It looks like I was right. Billy Knight doesn't want Curry. 18 days later, and they haven't thrown an offer his way. Good for the Hawks.


----------



## RP McMurphy (Jul 17, 2003)

TheATLien said:


> It looks like I was right. Billy Knight doesn't want Curry. 18 days later, and they haven't thrown an offer his way. Good for the Hawks.


I agree, good for them. I've actually been pretty impressed with the job Billy Knight has done in the past year or two, even though it hasn't paid dividends in the win column yet. This team has made so many bad moves for such a long time, it's nice to see them doing the right thing for once.


----------



## JNice (Jul 13, 2002)

RP McMurphy said:


> Actually he just averaged over 7 boards per game in those games (and that sucks anyway for a big man getting 30+ minutes) and it's a sample size of only 7 games.

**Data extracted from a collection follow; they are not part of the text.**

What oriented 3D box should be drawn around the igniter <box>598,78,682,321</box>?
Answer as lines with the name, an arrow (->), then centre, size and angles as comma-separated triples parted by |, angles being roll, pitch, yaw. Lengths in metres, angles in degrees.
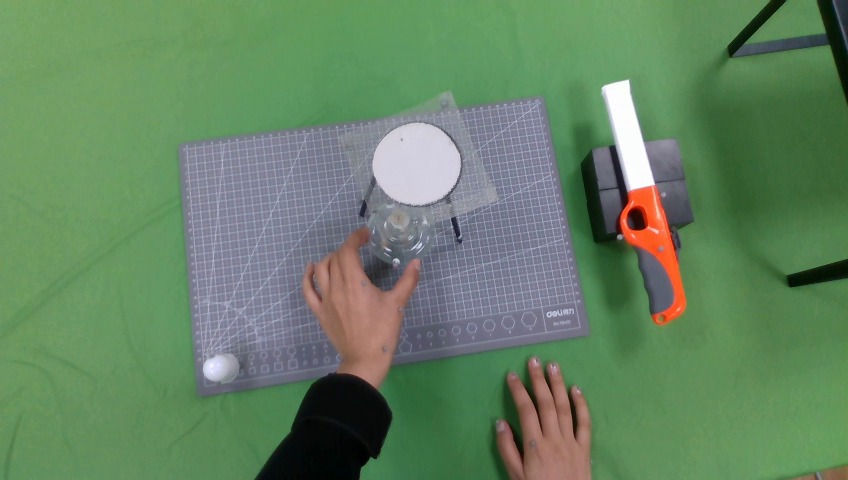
igniter -> 0.239, -0.049, 0.675 | 0.057, 0.025, 0.275 | -11, 79, 8

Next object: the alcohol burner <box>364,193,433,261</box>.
alcohol burner -> -0.029, -0.018, 0.662 | 0.078, 0.119, 0.077 | 0, 81, -2

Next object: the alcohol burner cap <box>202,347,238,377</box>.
alcohol burner cap -> -0.226, 0.133, 0.664 | 0.034, 0.048, 0.033 | 0, 78, -2

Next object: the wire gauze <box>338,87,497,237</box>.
wire gauze -> -0.008, -0.077, 0.595 | 0.125, 0.011, 0.121 | -21, 80, -5

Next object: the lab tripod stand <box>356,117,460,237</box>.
lab tripod stand -> -0.010, -0.071, 0.662 | 0.148, 0.132, 0.147 | 0, 78, 0
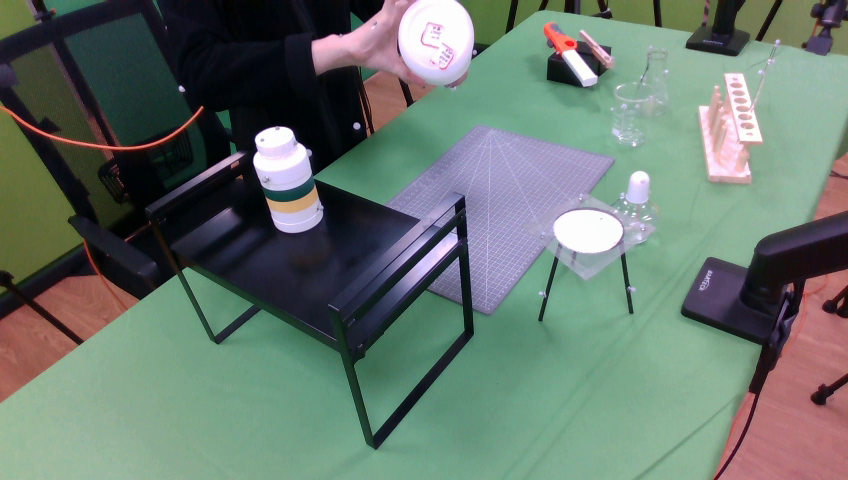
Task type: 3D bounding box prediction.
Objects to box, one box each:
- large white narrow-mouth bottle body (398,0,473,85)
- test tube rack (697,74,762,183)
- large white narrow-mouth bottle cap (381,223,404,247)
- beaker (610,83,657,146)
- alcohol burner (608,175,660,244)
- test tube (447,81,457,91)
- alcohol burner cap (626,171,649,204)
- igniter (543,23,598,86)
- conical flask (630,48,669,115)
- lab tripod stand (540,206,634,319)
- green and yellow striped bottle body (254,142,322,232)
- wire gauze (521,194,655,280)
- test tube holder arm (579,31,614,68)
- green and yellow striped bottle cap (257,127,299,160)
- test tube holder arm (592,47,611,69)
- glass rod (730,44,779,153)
[{"bbox_3d":[0.020,-0.276,0.866,0.102,0.102,0.194,-4,9,4],"label":"large white narrow-mouth bottle body"},{"bbox_3d":[0.547,-0.208,1.095,0.066,0.085,0.242,5,42,15],"label":"test tube rack"},{"bbox_3d":[-0.052,-0.009,0.992,0.038,0.024,0.037,-5,39,4],"label":"large white narrow-mouth bottle cap"},{"bbox_3d":[0.388,-0.235,1.138,0.074,0.101,0.083,-31,45,-26],"label":"beaker"},{"bbox_3d":[0.323,-0.053,0.924,0.078,0.119,0.077,-4,43,4],"label":"alcohol burner"},{"bbox_3d":[0.042,-0.279,1.035,0.017,0.017,0.150,1,1,9],"label":"test tube"},{"bbox_3d":[0.320,-0.081,0.900,0.034,0.048,0.033,-4,42,4],"label":"alcohol burner cap"},{"bbox_3d":[0.320,-0.419,1.345,0.057,0.025,0.274,-12,44,-3],"label":"igniter"},{"bbox_3d":[0.456,-0.317,1.205,0.075,0.122,0.075,-4,41,4],"label":"conical flask"},{"bbox_3d":[0.218,0.034,0.821,0.148,0.132,0.147,-4,42,4],"label":"lab tripod stand"},{"bbox_3d":[-0.165,-0.073,0.732,0.063,0.120,0.063,-4,41,4],"label":"green and yellow striped bottle body"},{"bbox_3d":[0.207,-0.012,0.772,0.122,0.011,0.124,-28,44,-20],"label":"wire gauze"},{"bbox_3d":[0.384,-0.428,1.351,0.013,0.015,0.177,-11,41,-4],"label":"test tube holder arm"},{"bbox_3d":[-0.169,-0.112,0.698,0.045,0.020,0.045,-5,40,5],"label":"green and yellow striped bottle cap"},{"bbox_3d":[0.386,-0.398,1.317,0.010,0.015,0.087,-10,41,-3],"label":"test tube holder arm"},{"bbox_3d":[0.555,-0.234,1.020,0.008,0.200,0.008,2,40,-1],"label":"glass rod"}]
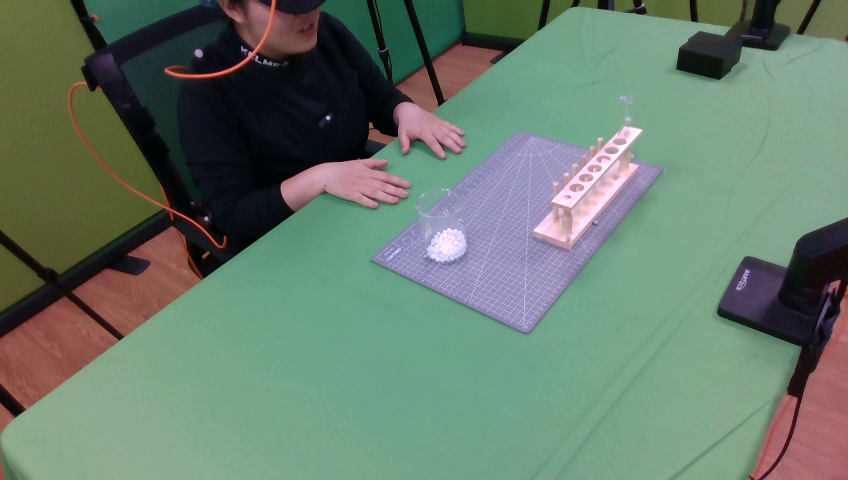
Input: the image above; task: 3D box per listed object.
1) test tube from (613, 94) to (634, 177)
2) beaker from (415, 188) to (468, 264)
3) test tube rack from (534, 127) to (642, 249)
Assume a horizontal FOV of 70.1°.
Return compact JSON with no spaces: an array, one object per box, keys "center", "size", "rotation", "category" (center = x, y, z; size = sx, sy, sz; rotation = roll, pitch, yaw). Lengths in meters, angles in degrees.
[{"center":[0.325,-0.168,0.989],"size":[0.017,0.151,0.017],"rotation":[-3,40,3],"category":"test tube"},{"center":[0.031,-0.021,0.937],"size":[0.073,0.101,0.084],"rotation":[8,42,20],"category":"beaker"},{"center":[0.271,-0.095,0.990],"size":[0.066,0.085,0.243],"rotation":[23,49,33],"category":"test tube rack"}]
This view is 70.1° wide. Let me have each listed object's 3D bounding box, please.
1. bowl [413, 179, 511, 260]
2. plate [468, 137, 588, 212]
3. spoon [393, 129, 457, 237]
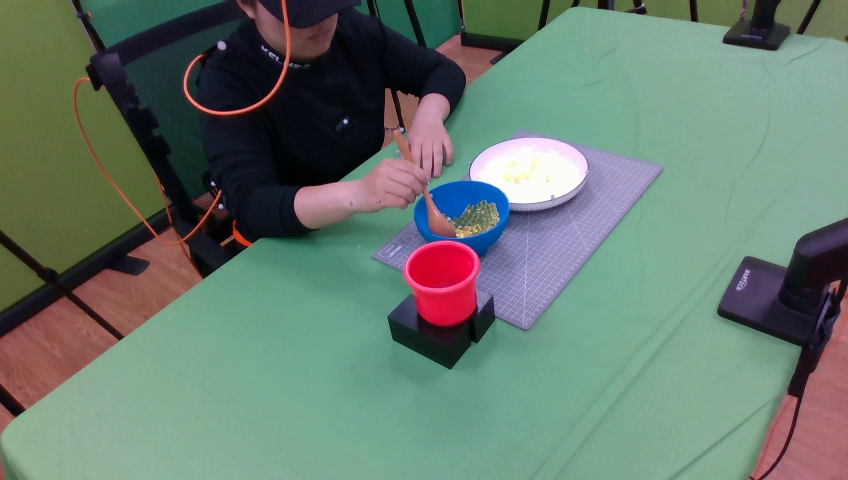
[{"bbox_3d":[0.062,-0.021,0.947,0.151,0.077,0.150,-5,40,5],"label":"bowl"},{"bbox_3d":[0.182,-0.112,1.064,0.207,0.039,0.206,-5,40,5],"label":"plate"},{"bbox_3d":[-0.002,-0.075,0.896,0.041,0.194,0.022,-16,15,33],"label":"spoon"}]
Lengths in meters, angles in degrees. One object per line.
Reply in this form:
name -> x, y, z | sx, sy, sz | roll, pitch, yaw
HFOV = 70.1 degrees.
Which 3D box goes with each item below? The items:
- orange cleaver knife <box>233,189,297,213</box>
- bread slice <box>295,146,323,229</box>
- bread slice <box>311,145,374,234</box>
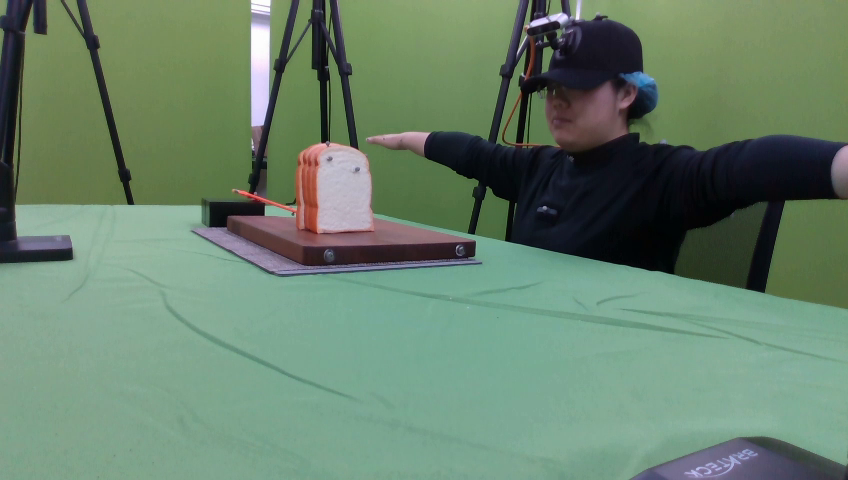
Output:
orange cleaver knife -> -0.279, -0.066, 1.219 | 0.212, 0.012, 0.077 | 19, -3, -21
bread slice -> -0.157, -0.082, 0.959 | 0.105, 0.131, 0.019 | -1, -2, -43
bread slice -> -0.127, -0.076, 0.919 | 0.107, 0.134, 0.018 | -8, 8, -41
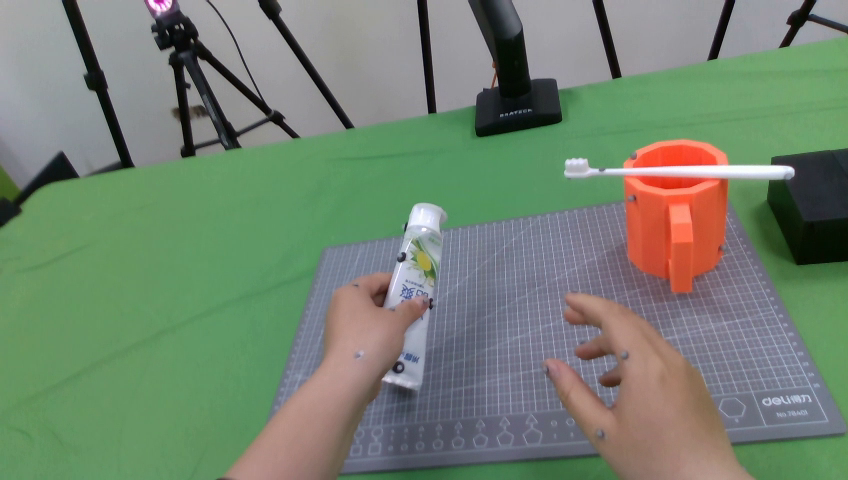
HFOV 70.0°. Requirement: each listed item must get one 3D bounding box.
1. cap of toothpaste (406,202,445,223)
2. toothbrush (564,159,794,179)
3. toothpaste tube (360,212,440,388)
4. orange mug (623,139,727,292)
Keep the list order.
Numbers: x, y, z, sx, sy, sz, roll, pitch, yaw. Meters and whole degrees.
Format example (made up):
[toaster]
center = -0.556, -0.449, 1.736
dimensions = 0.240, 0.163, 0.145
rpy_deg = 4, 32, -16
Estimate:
[cap of toothpaste]
center = 0.002, -0.023, 0.571
dimensions = 0.037, 0.038, 0.011
rpy_deg = 2, 60, 24
[toothbrush]
center = 0.208, -0.060, 0.513
dimensions = 0.181, 0.017, 0.014
rpy_deg = 4, 34, 26
[toothpaste tube]
center = -0.014, 0.044, 0.536
dimensions = 0.055, 0.034, 0.164
rpy_deg = 17, 62, -13
[orange mug]
center = 0.224, -0.018, 0.540
dimensions = 0.083, 0.102, 0.125
rpy_deg = -3, 35, 19
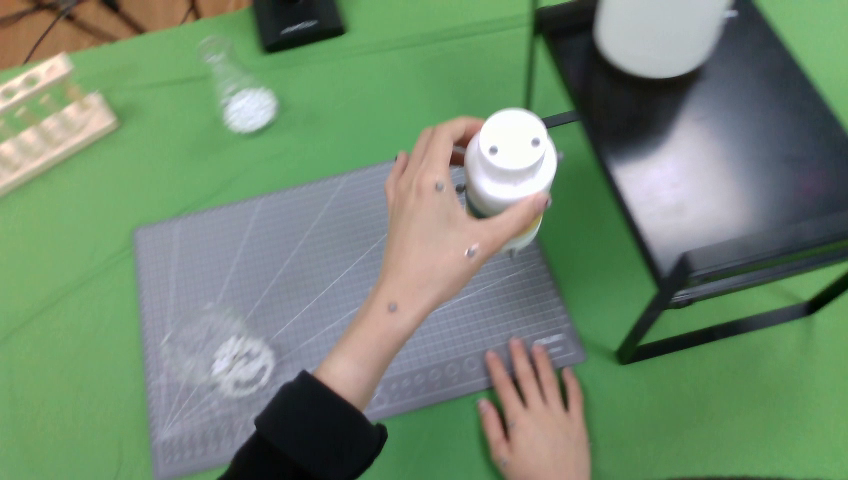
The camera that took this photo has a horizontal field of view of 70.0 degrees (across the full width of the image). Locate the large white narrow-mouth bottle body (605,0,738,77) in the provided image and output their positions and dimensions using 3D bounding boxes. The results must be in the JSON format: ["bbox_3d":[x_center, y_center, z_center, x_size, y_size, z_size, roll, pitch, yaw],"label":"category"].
[{"bbox_3d":[0.205,-0.225,0.470,0.102,0.196,0.101,-3,64,6],"label":"large white narrow-mouth bottle body"}]

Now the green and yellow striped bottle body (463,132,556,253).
[{"bbox_3d":[0.059,-0.040,0.438,0.063,0.120,0.062,-1,68,3],"label":"green and yellow striped bottle body"}]

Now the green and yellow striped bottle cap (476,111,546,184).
[{"bbox_3d":[0.056,-0.061,0.390,0.045,0.020,0.045,-1,70,2],"label":"green and yellow striped bottle cap"}]

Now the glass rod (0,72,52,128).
[{"bbox_3d":[-0.500,-0.198,0.703,0.008,0.201,0.008,-4,57,7],"label":"glass rod"}]

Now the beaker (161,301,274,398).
[{"bbox_3d":[-0.197,0.113,0.596,0.084,0.101,0.073,-5,64,3],"label":"beaker"}]

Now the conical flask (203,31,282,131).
[{"bbox_3d":[-0.225,-0.195,0.732,0.075,0.123,0.074,-2,64,5],"label":"conical flask"}]

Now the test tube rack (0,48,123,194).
[{"bbox_3d":[-0.513,-0.128,0.745,0.242,0.086,0.066,-35,67,-11],"label":"test tube rack"}]
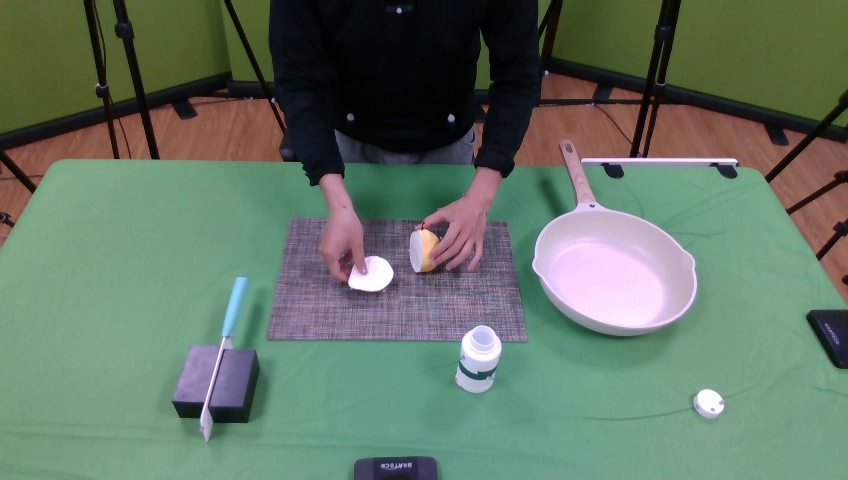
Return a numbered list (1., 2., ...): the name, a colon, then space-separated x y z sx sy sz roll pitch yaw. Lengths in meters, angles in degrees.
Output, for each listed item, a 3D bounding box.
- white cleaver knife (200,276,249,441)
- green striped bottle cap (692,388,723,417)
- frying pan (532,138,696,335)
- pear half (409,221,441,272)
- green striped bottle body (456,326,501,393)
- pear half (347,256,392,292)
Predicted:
1. white cleaver knife: -0.321 0.177 0.972 0.021 0.066 0.284 6 48 -5
2. green striped bottle cap: 0.460 0.263 0.984 0.044 0.020 0.044 3 47 -3
3. frying pan: 0.336 -0.024 1.190 0.307 0.103 0.484 -2 55 -7
4. pear half: 0.005 0.005 1.123 0.056 0.110 0.076 -14 48 -18
5. green striped bottle body: 0.086 0.185 0.959 0.063 0.120 0.063 2 46 -2
6. pear half: -0.102 0.068 1.102 0.088 0.031 0.070 -29 63 -26

If his numbers are better in those seven games, I think it has more to do with them leaving him in there when he was playing well, and taking him out when he was playing badly (which was most of the time).



Well, I won't try to argue that he is a great rebounder but I think he'll do a decent job in Houston and I actually would have liked seeing him in Atlanta with the athletes they have already.


----------



## Deke (Jul 27, 2005)

i was watchin the ravens, i left chicago in 97, pretty funny that michael jordan followed me kinda a couple years later to play in washington. i was pissed in 98 cuz i always said i wanted to see jordans last game.


----------